**TASK REQUIREMENTS:**
What is the number of lines in the entries below that include the word "width"? Provide the number only.

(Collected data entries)
===
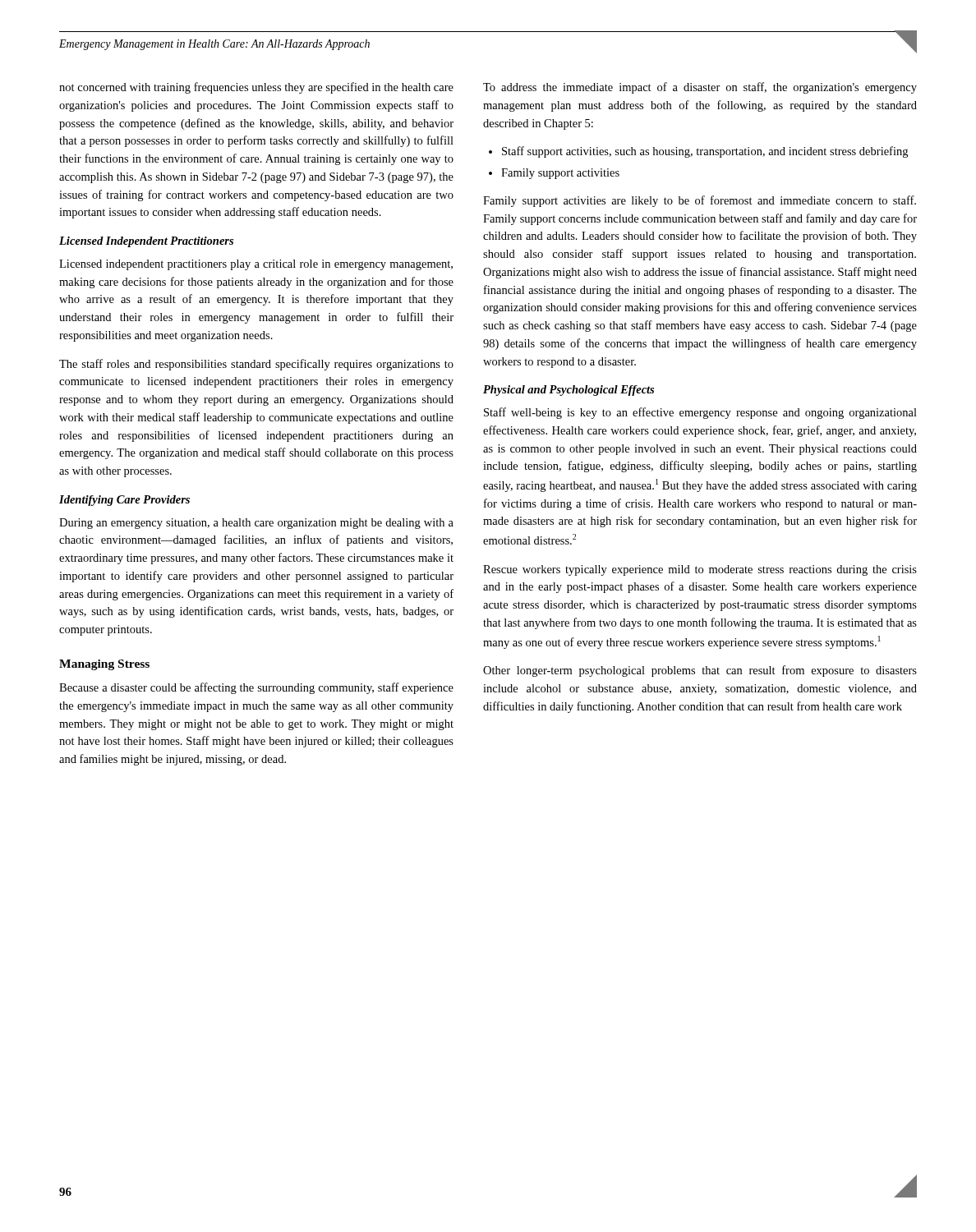
Task: Click on the text starting "Identifying Care Providers"
Action: tap(124, 501)
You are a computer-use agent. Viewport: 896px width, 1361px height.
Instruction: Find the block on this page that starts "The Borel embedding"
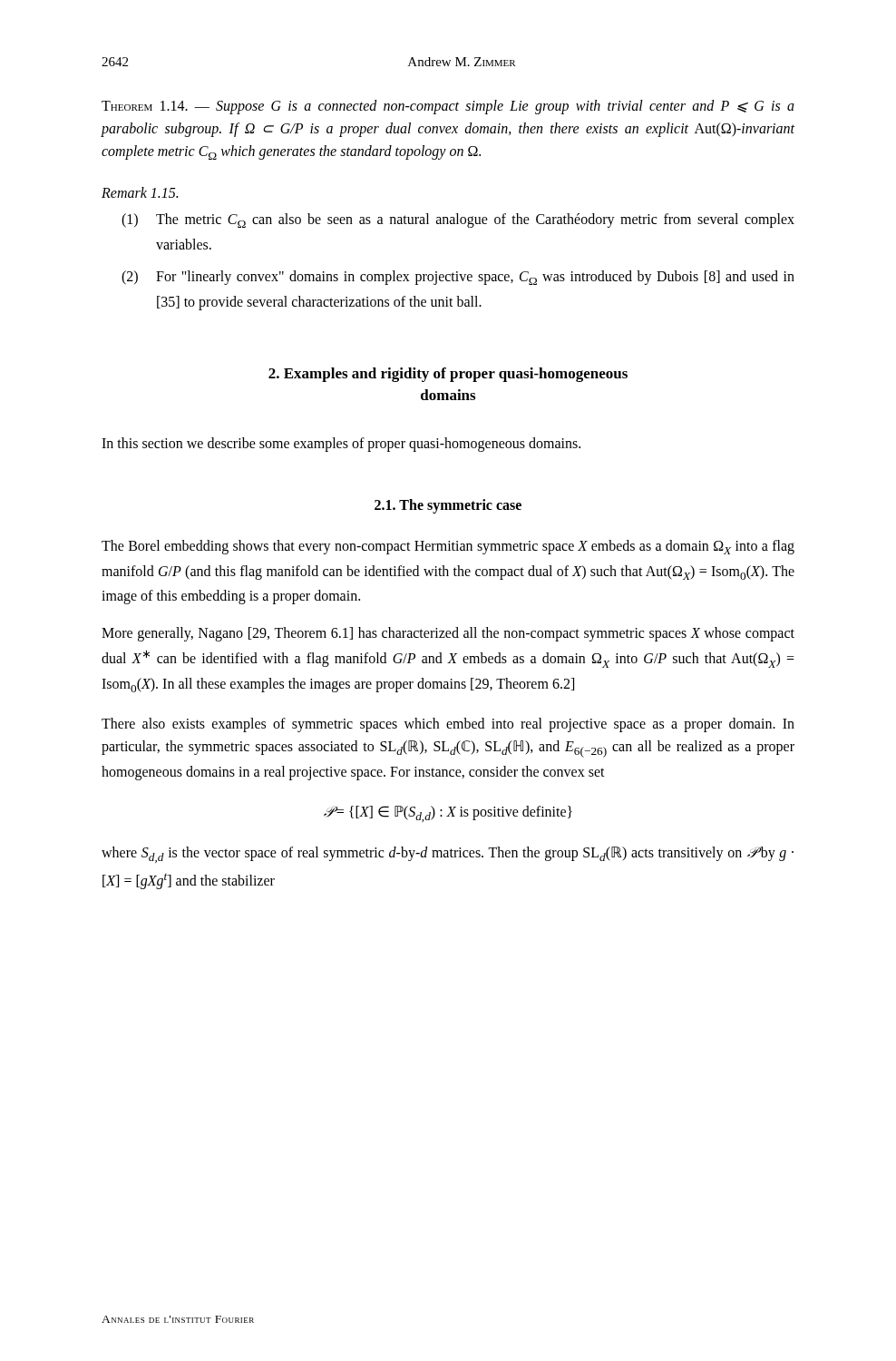coord(448,571)
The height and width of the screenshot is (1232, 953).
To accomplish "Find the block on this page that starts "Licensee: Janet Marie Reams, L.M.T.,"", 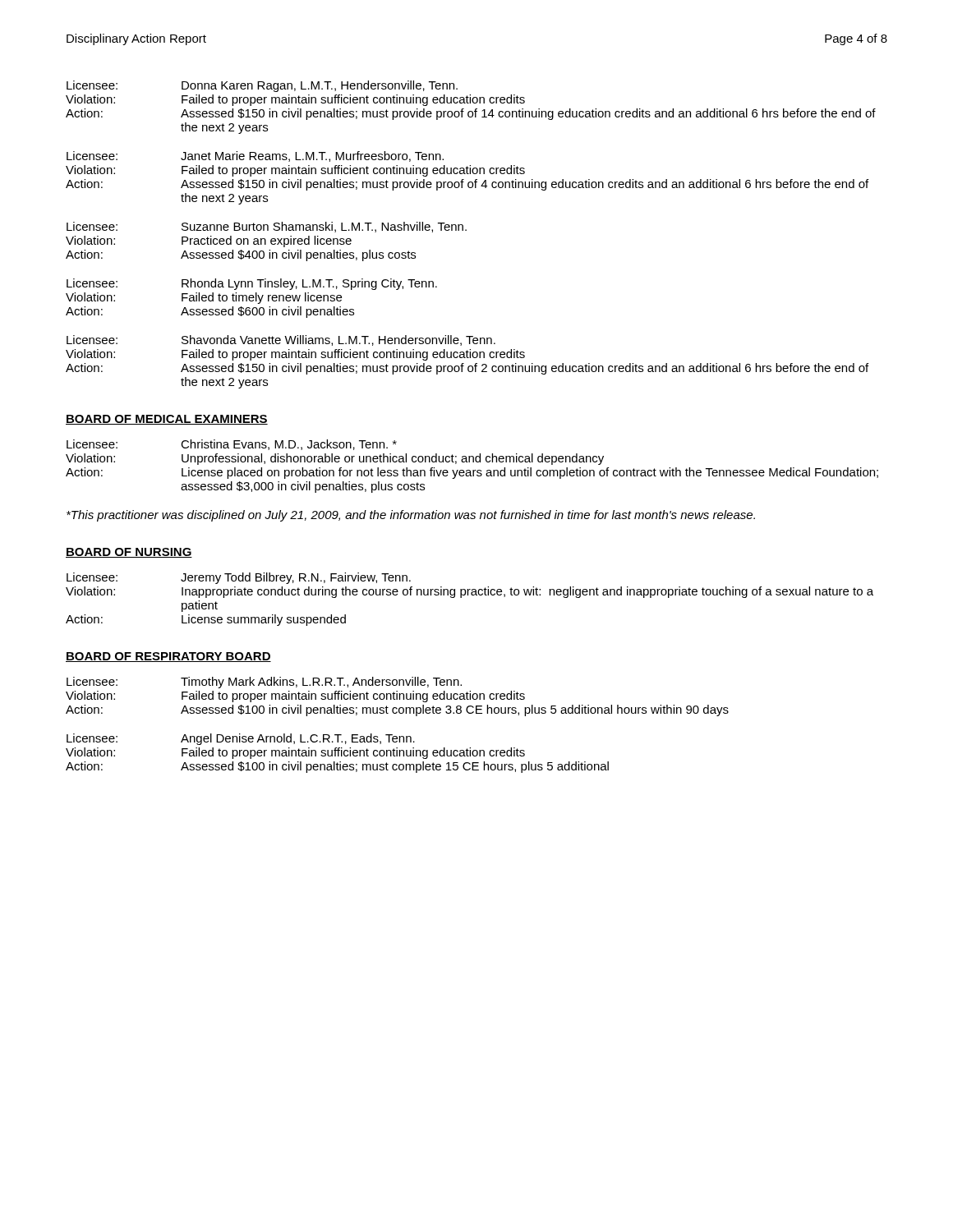I will tap(476, 177).
===
**ANSWER:**
2